Exercise requirements: Beginning at the line containing "title: House of Saint Veronica, Jeruzalem", output every line to the end of the data below exactly as it appears.

Dataset entries:
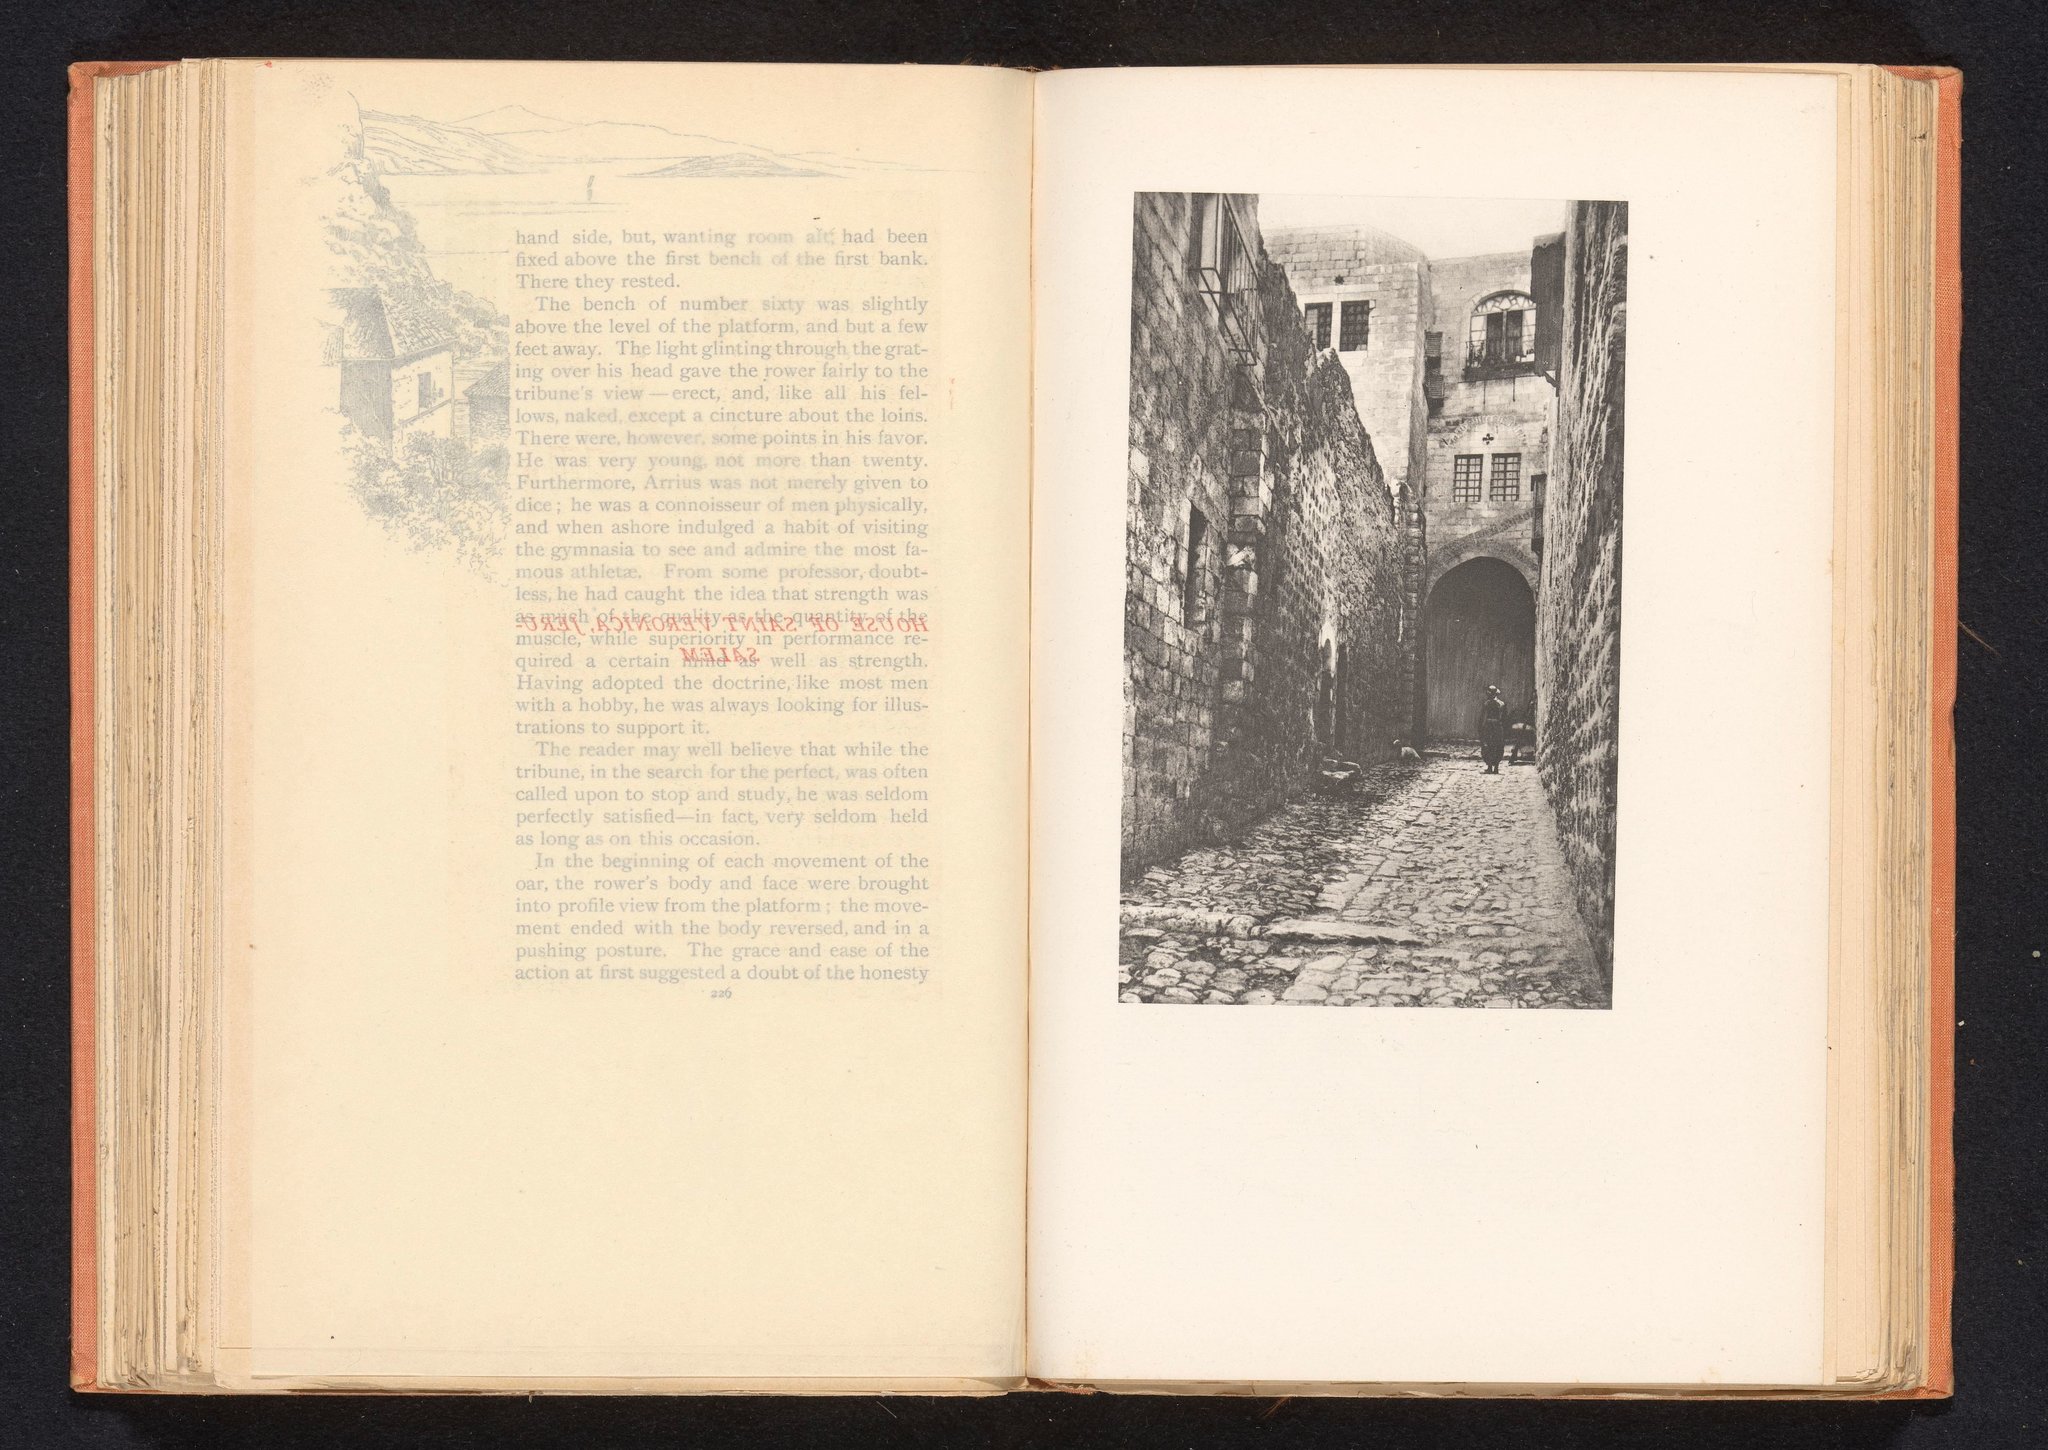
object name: photomechanical print
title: House of Saint Veronica, Jeruzalem
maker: Anonymous
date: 1882-1892
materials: paper
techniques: photoaquatint
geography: jerusalem
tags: street

Your response:
title: House of Saint Veronica, Jeruzalem
maker: Anonymous
date: 1882-1892
materials: paper
techniques: photoaquatint
geography: jerusalem
tags: street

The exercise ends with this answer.